On the Geodetic Number of a Graph
For two vertices $u$ and $v$ of a graph $G$, the set $I(u, v)$ consists
of all vertices lying on some $u-v$ geodesic in $G$. If $S$ is a
set of vertices of $G$, then $I(S)$ is the union of all sets $I(u,v)$ for
$u, v \in S$. The geodetic number $g (G)$ is the minimum
cardinality among the subsets $S$ of $V(G)$ with $I(S)=V(G)$. It is shown
that
if $G$ is a graph of order $n$ and diameter $d$, then $g (G) \leq n-d+1$ and
this bound
is sharp.
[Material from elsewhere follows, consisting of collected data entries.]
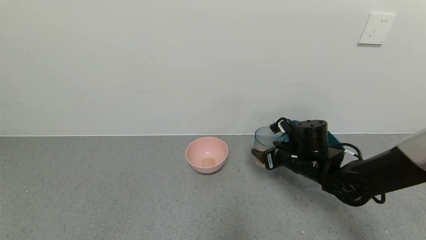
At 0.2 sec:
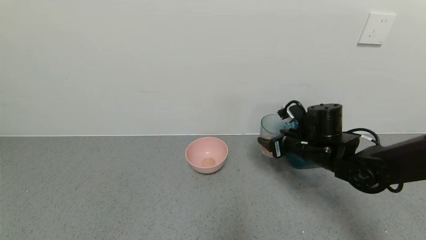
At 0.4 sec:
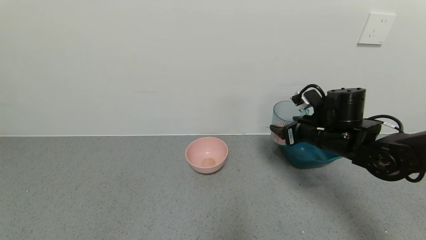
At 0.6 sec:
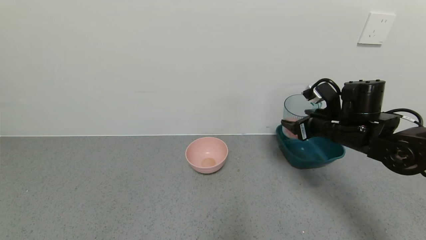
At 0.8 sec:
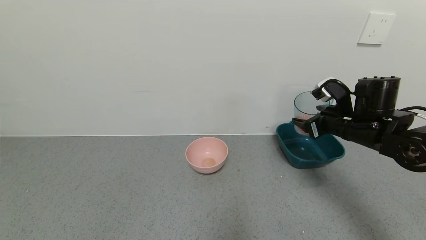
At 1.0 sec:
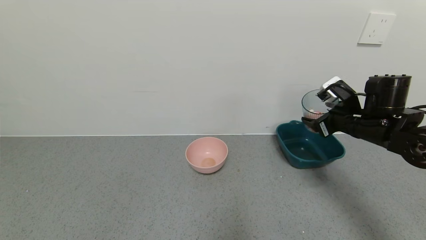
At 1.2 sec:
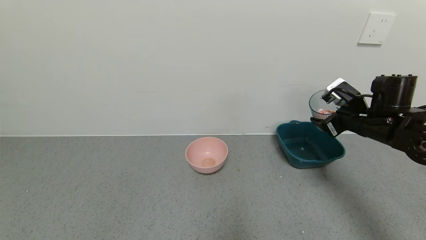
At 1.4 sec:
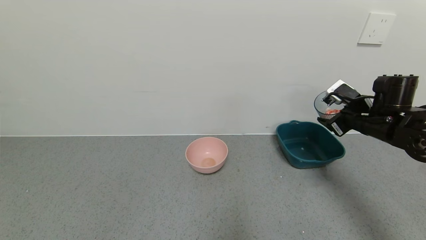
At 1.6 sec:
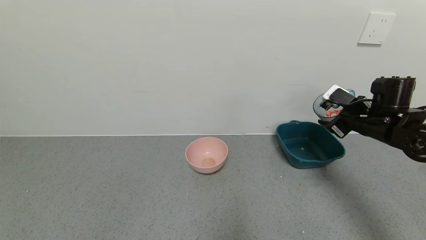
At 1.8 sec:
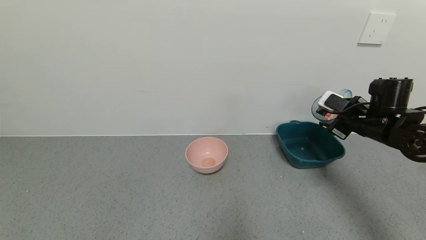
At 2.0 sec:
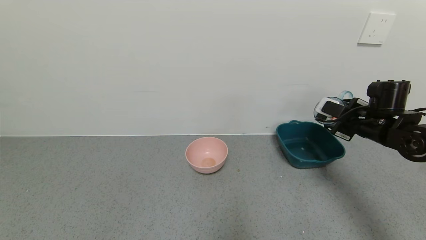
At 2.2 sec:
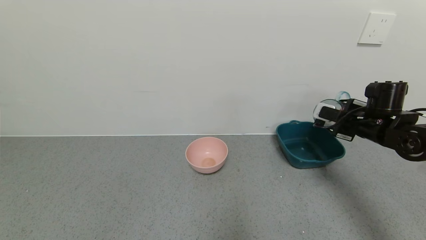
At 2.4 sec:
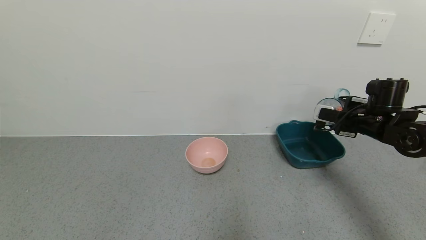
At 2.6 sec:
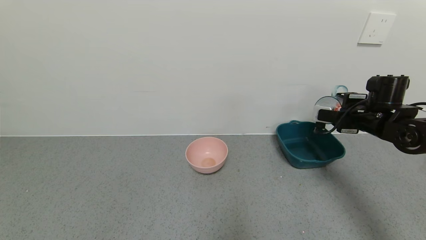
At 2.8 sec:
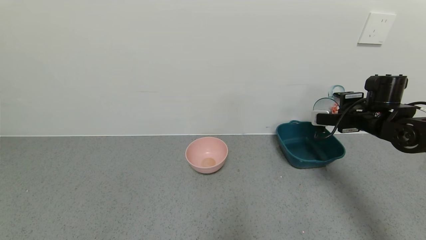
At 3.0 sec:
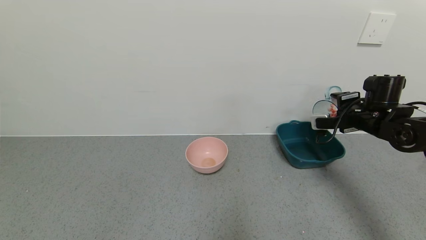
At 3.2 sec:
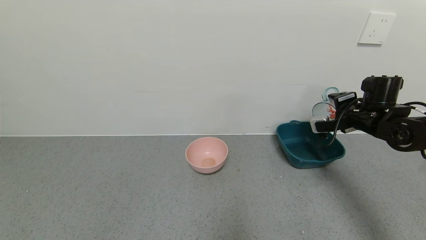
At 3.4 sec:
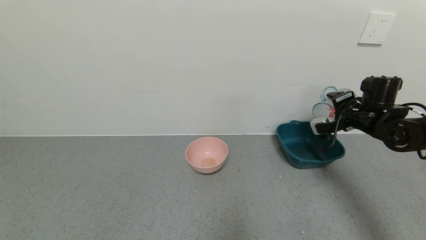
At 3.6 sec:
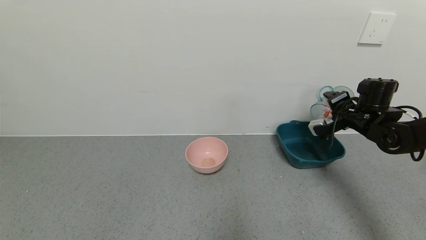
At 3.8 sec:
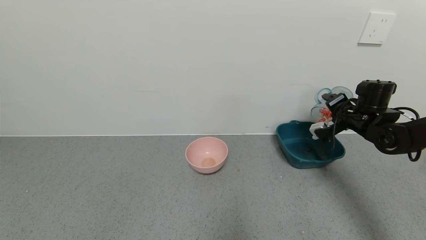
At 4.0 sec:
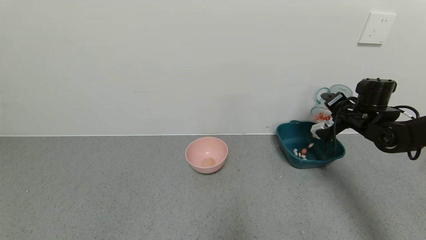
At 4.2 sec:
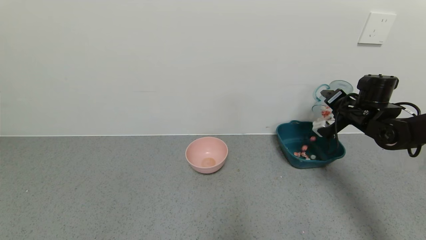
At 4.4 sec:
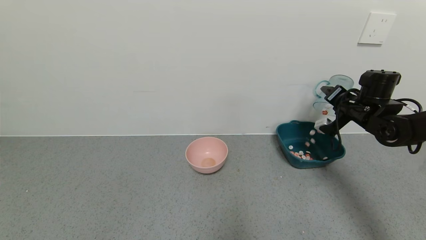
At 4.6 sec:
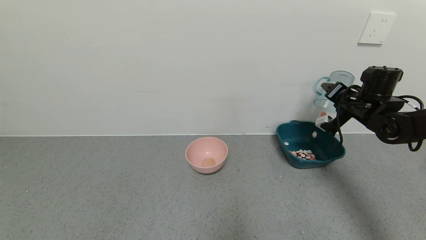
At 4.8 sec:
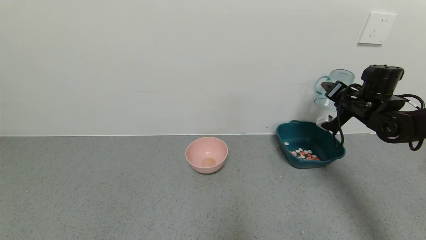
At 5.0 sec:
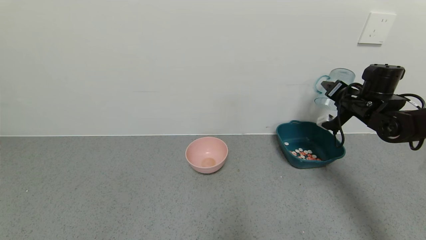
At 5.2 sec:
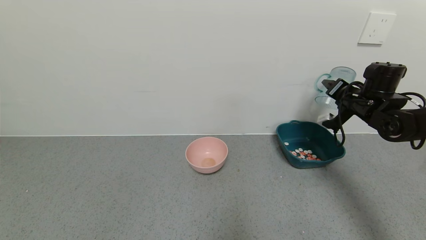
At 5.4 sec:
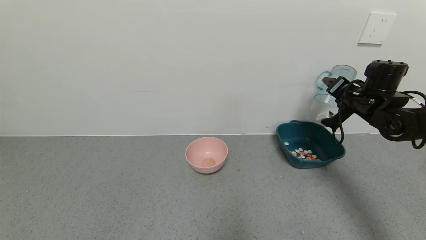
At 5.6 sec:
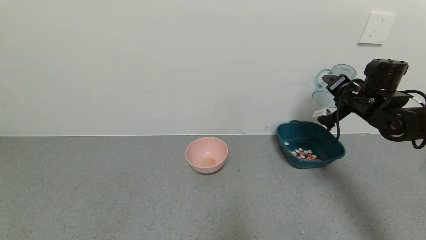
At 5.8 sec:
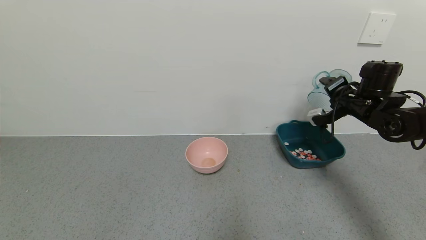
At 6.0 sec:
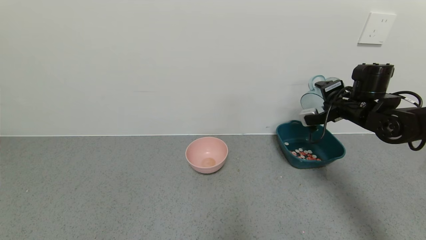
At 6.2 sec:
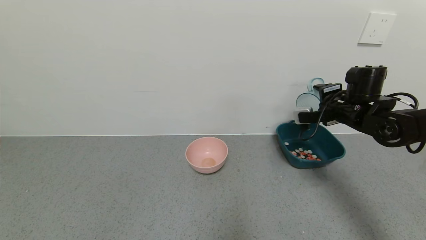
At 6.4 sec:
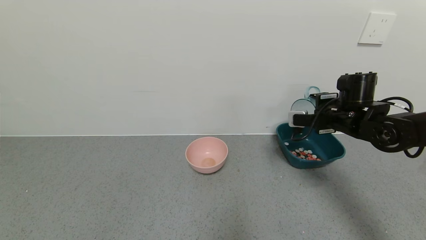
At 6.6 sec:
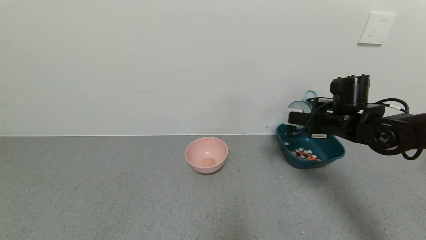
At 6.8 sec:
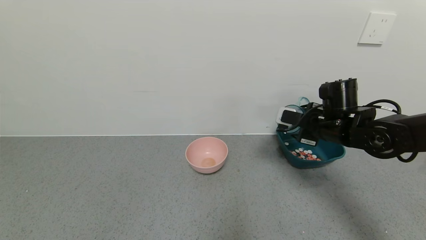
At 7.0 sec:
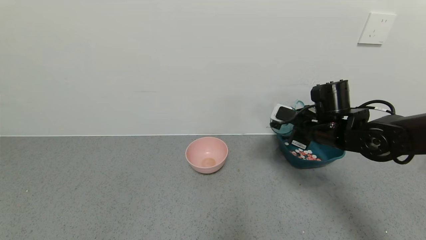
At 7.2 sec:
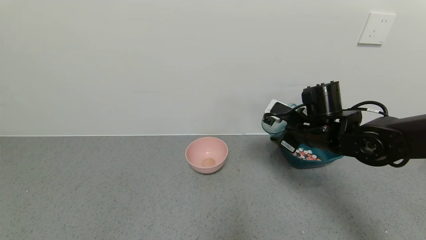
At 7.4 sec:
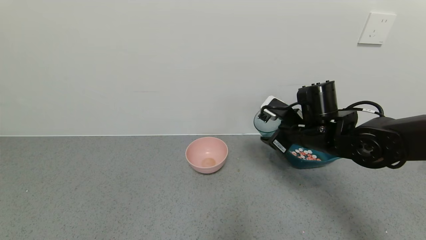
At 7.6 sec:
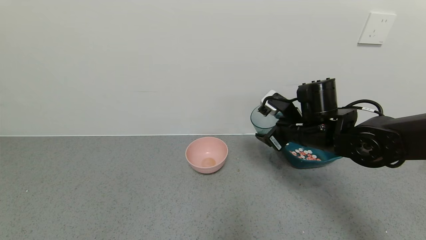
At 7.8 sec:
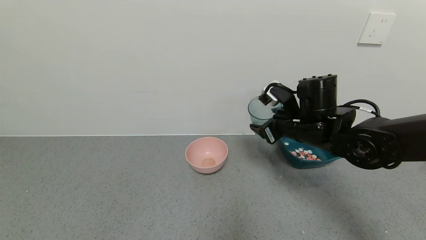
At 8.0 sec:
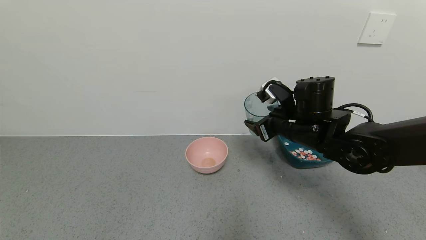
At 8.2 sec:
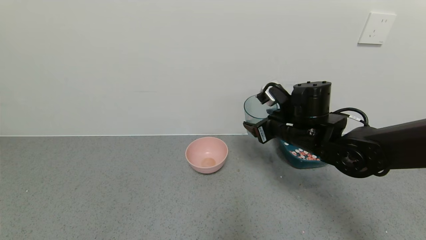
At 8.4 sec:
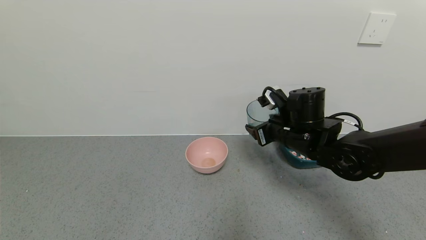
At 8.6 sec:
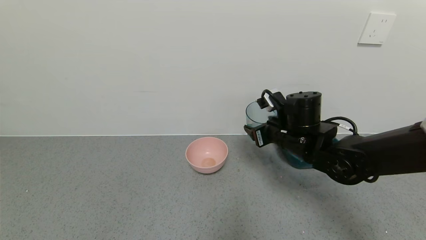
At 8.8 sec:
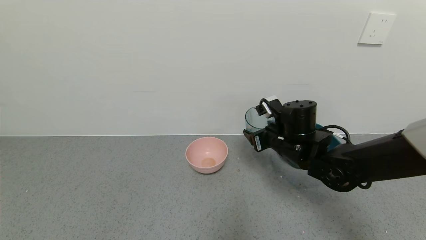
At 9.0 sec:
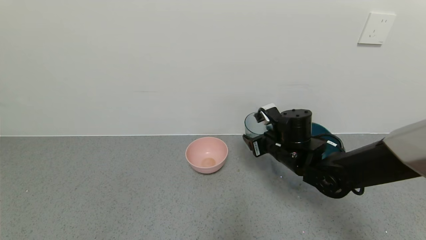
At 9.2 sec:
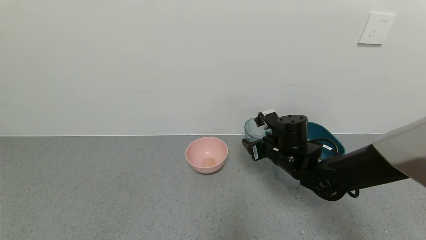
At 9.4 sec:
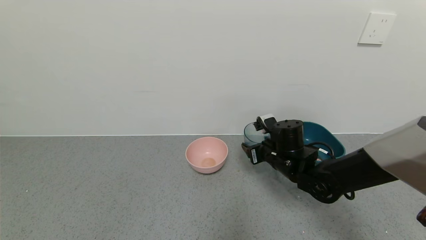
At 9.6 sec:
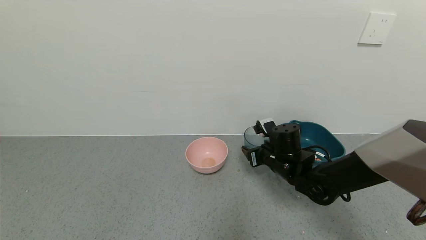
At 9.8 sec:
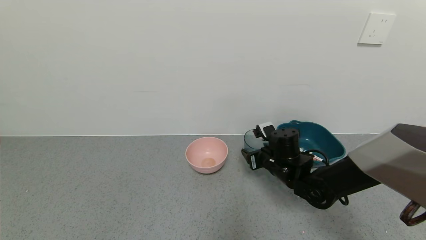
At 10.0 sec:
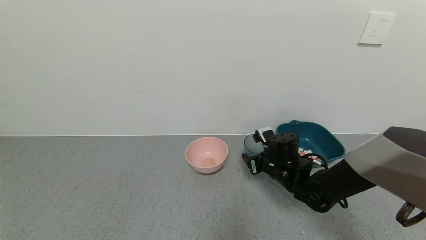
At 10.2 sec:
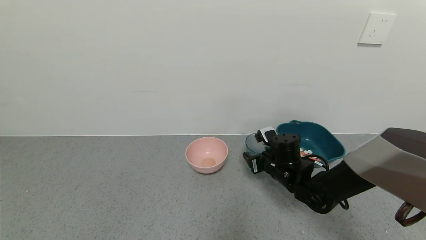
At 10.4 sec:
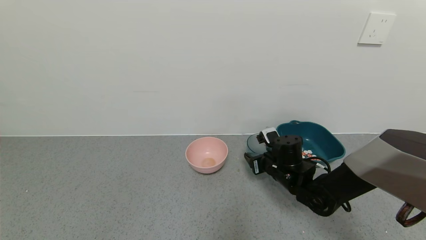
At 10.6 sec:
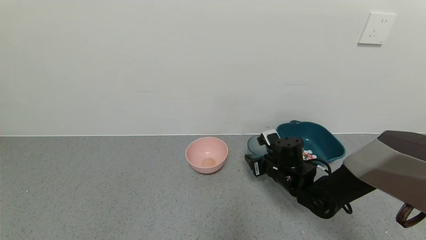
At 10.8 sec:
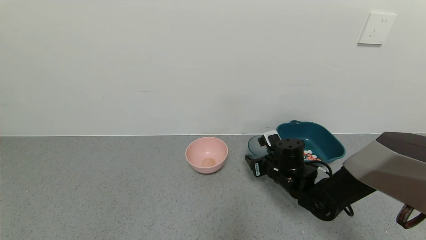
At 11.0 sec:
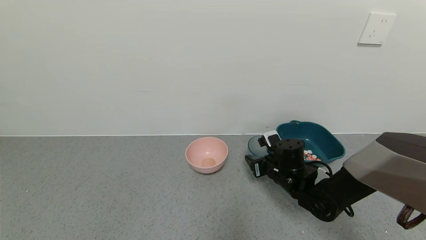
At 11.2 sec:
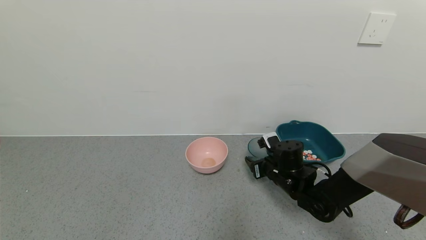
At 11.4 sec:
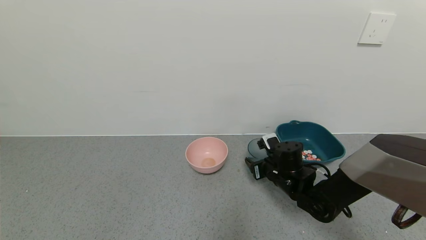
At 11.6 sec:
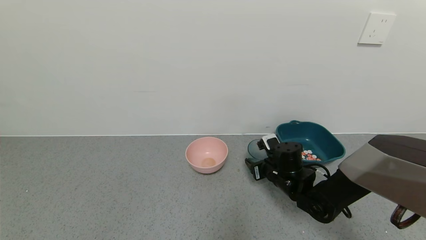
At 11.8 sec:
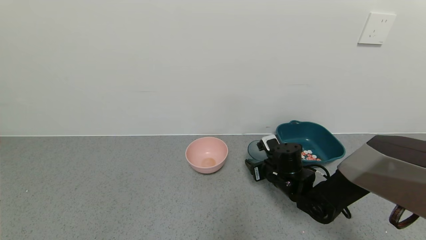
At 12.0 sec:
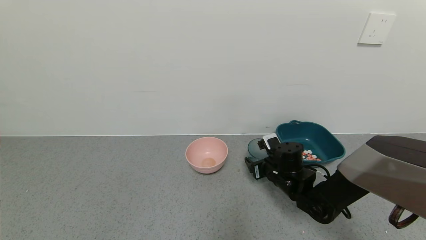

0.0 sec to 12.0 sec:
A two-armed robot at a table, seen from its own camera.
Task of the whole recording: use a gripper to pick up the cup and pour the solid into a bowl or tray.
Step, 0.0 sec to 5.8 sec: Pour the shrimp beans into the green bowl with the right gripper.
0.0 sec to 1.6 sec: The right gripper is displaced to the right and upward by approximately 15 cm.
6.0 sec to 7.6 sec: The right gripper goes roughly 15 cm to the left and backward.
7.6 sec to 9.0 sec: The right gripper goes about 5 cm downward.
9.0 sec to 10.4 sec: The right gripper shifts some 5 cm downward.
10.4 sec to 12.0 sec: The grippers make only small movements.

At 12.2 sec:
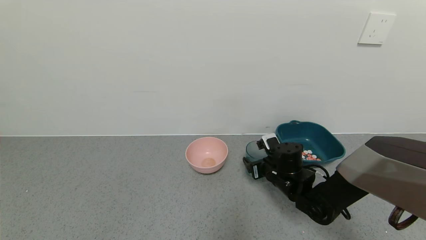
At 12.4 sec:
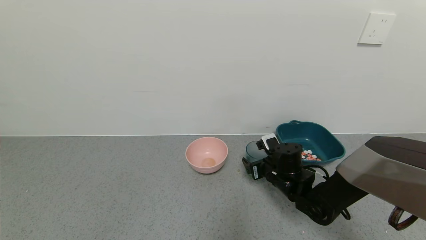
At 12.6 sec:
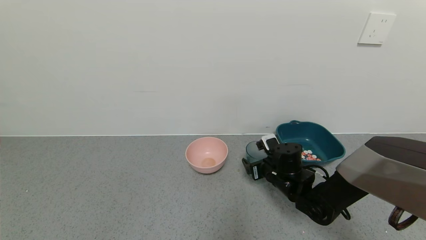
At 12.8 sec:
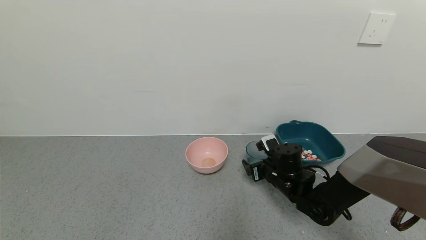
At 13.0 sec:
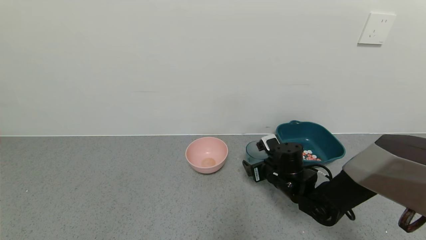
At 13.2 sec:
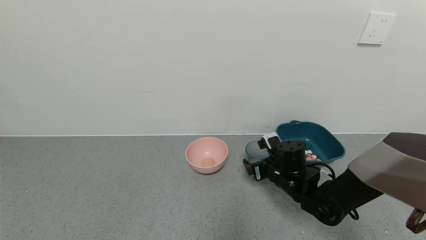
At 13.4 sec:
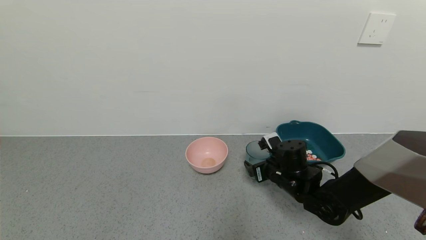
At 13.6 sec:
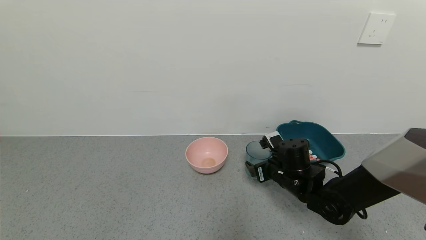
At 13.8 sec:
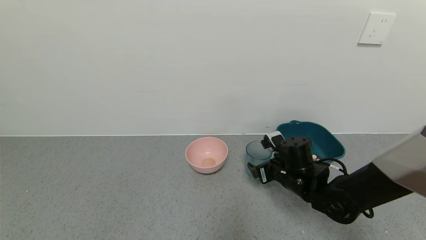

For positive integers $r, d,$ and $k \geq 2$
with $r \leq d \leq 2r $, there exists a connected graph
$G$ of radius $r$, diameter $d$, and $g (G) = k$. Also, for integers $n, d,
$ and
$k$ with $2 \leq d < n$, $2 \leq k < n$, and $n -d - k +1 \geq 0$, there
exists a graph
$G$ of order $n$, diameter $d$, and $g (G) = k$. It is shown, for every
nontrivial connected
graph $G$, that $g (G) \leq g (G \times K_2)$. A sufficient condition for
the
equality of $g (G)$ and $g (G \times K_2)$ is presented. A graph $F$ is a
minimum
geodetic subgraph if there exists a graph $G$ containing $F$ as induced
subgraph such that $V(F)$ is a minimum geodetic set for $G$. Minimum
geodetic subgraphs are characterized.